Ukraine: Russia to cut natural gas from Finland

Copenhagen, Denmark –

Russia will cut off natural gas to Finland after the Nordic country which applied for NATO membership this week refused President Vladimir Putin’s request to pay in rubles, Finland’s state-owned energy company said on Friday, the latest escalation on European energy amid war in Ukraine.

Finland is the latest country to lose energy supply, which is used to generate electricity and the power industry, after rejecting Russia’s decree. Poland and Bulgaria were cut off late last month but, along with Finland, were relatively minor customers who had prepared to move away from Russian natural gas.

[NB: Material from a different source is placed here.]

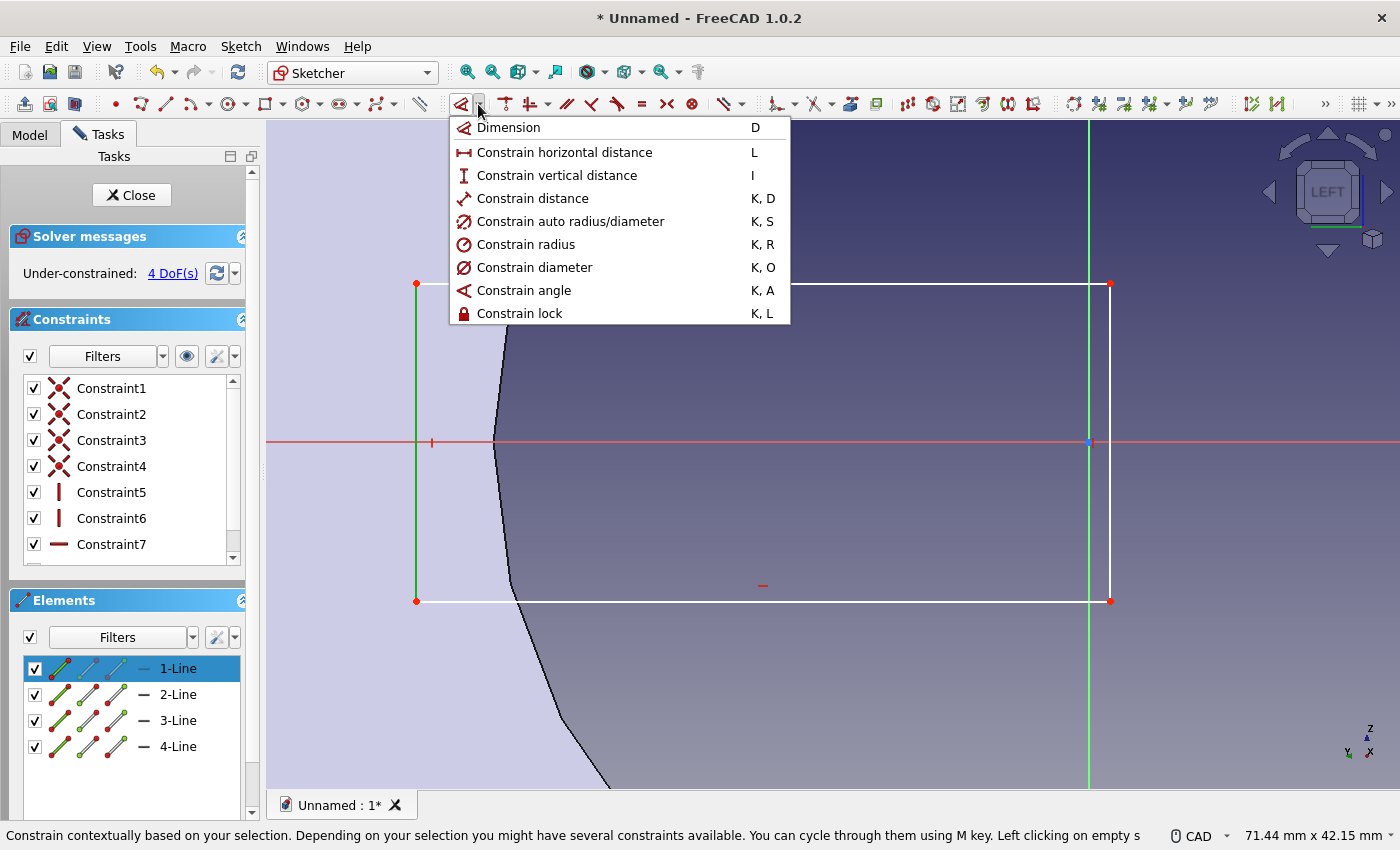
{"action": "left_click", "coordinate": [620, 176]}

Putin said “unfriendly foreign buyers” are opening two accounts in state-owned Gazprombank, one to pay in euros and dollars as specified in the contracts and the other in roubles. Italian energy company Eni said this week it was “initiating procedures” to open an account in euros and roubles.

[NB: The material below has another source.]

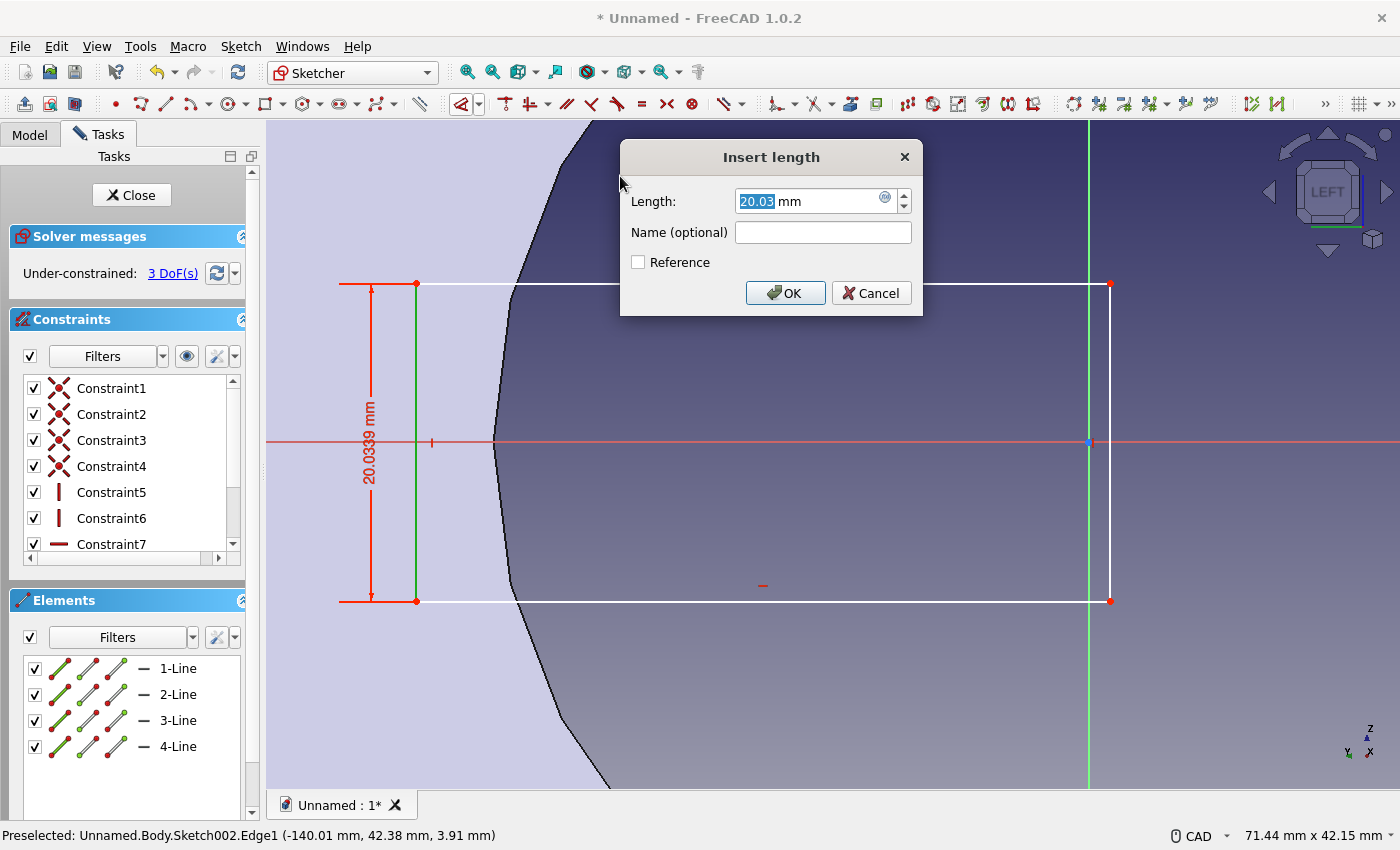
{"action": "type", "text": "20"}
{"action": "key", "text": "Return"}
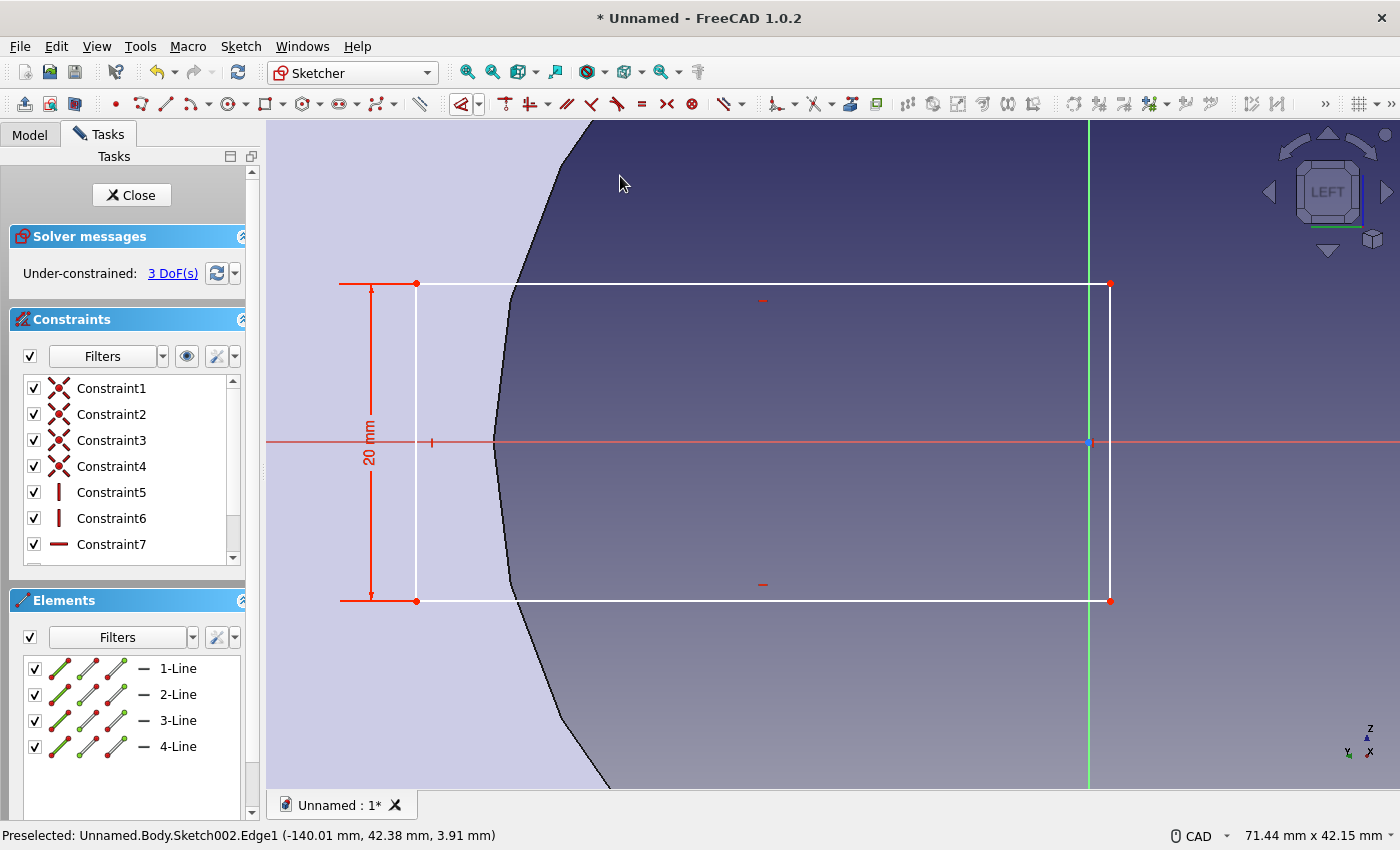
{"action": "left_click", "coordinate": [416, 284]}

The European Commission, the European Union’s executive body, said the system does not violate EU sanctions if countries make payment in the currency specified in their contracts and then officially report that the payment process is finished. But he says opening a second ruble account would violate the sanctions.

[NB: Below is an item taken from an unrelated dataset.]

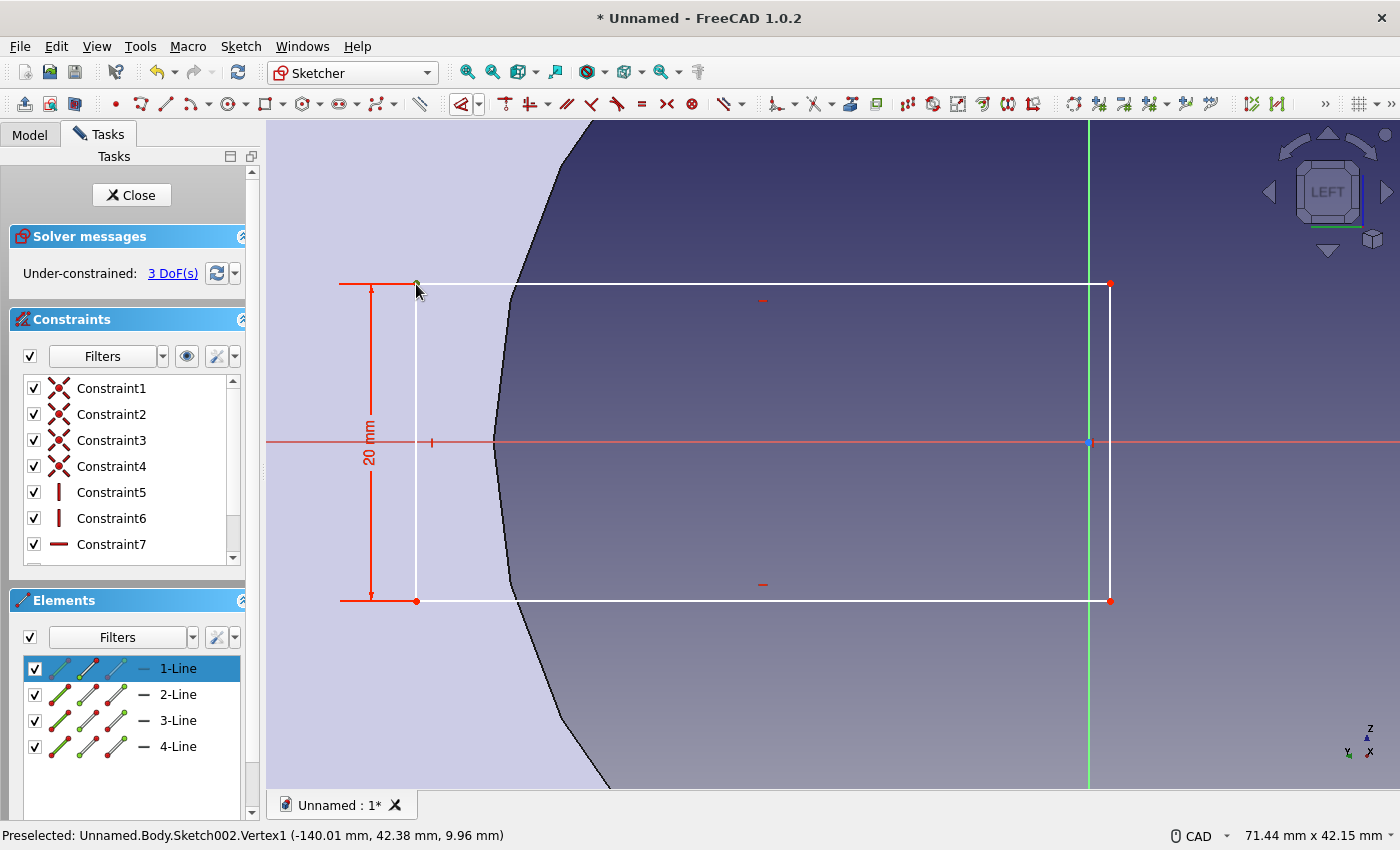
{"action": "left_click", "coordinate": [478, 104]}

This left countries scrambling to decide what to do next. Analysts say the EU’s position is ambiguous enough to allow the Kremlin to keep trying to undermine the unity of the 27 member countries, but losing big European customers like Italy and Germany would cost Russia dearly. . It comes as Europe tries to reduce its dependence on Russian oil and gas to avoid pouring hundreds of millions into Putin’s war chest every day, but to build up enough reserves before winter from the scarce world reserves.

Finland has refused the new payment system, with energy company Gasum saying its supply from Russia will be cut off on Saturday.

CEO Mika Wiljanen called the cut “very regrettable”.

But “provided there are no disruptions to the gas transmission network, we will be able to supply all of our customers with gas in the coming months,” Wiljanen said.

Natural gas accounted for just 6% of Finland’s total energy consumption in 2020, Finnish broadcaster YLE said. Almost all of this gas came from Russia. This pales in comparison to major importers like Italy and Germany, which get 40% and 35% of their gas from Russia, respectively.

According to Finland’s Gasum, Russian energy giant Gazprom said in April that future payments under its supply contract should be made in rubles instead of euros.

The cut was announced the same week that Finland, along with Sweden, applied to join the NATO military organization, marking one of the biggest geopolitical ramifications of the war that could rewrite Europe’s security map. ‘Europe.

The gas cut “has more to do with the sanctions and the fact that they want to be paid in rubles” than with Finland’s NATO bid, said Charly Salonius-Pasternak, an analyst at the Finnish Institute international affairs in Helsinki.

“Russia uses its energy as a weapon in its geopolitical thinking,” he said. “It will have little impact on Finland, which has diversified its energy (sources) in recent years. »

The Helsinki government said on Friday it had signed a 10-year lease for a floating liquefied natural gas terminal in the Gulf of Finland and that the necessary port structures will be built along the coasts of the Nordic country and the Estonia, said Economy Minister Mika Lintila. in a report.

It “will play a major role in securing the gas supply for Finnish industry,” Lintila said. The ship should be ready to operate by next winter.

Finland and Estonia have cooperated to lease the LNG terminal, which will provide enough storage and supply capacity to allow Russian gas to be phased out in neighboring countries, Gasgrid Finland, the transmission grid company, said. A gas pipeline between the neighbors will allow gas to be imported from the Baltic States instead of Russia.

Meanwhile, Italian firm Eni said on Tuesday it was preparing to follow Putin’s decree “in view of the imminent payment due in the coming days”, but disagreed with the changes.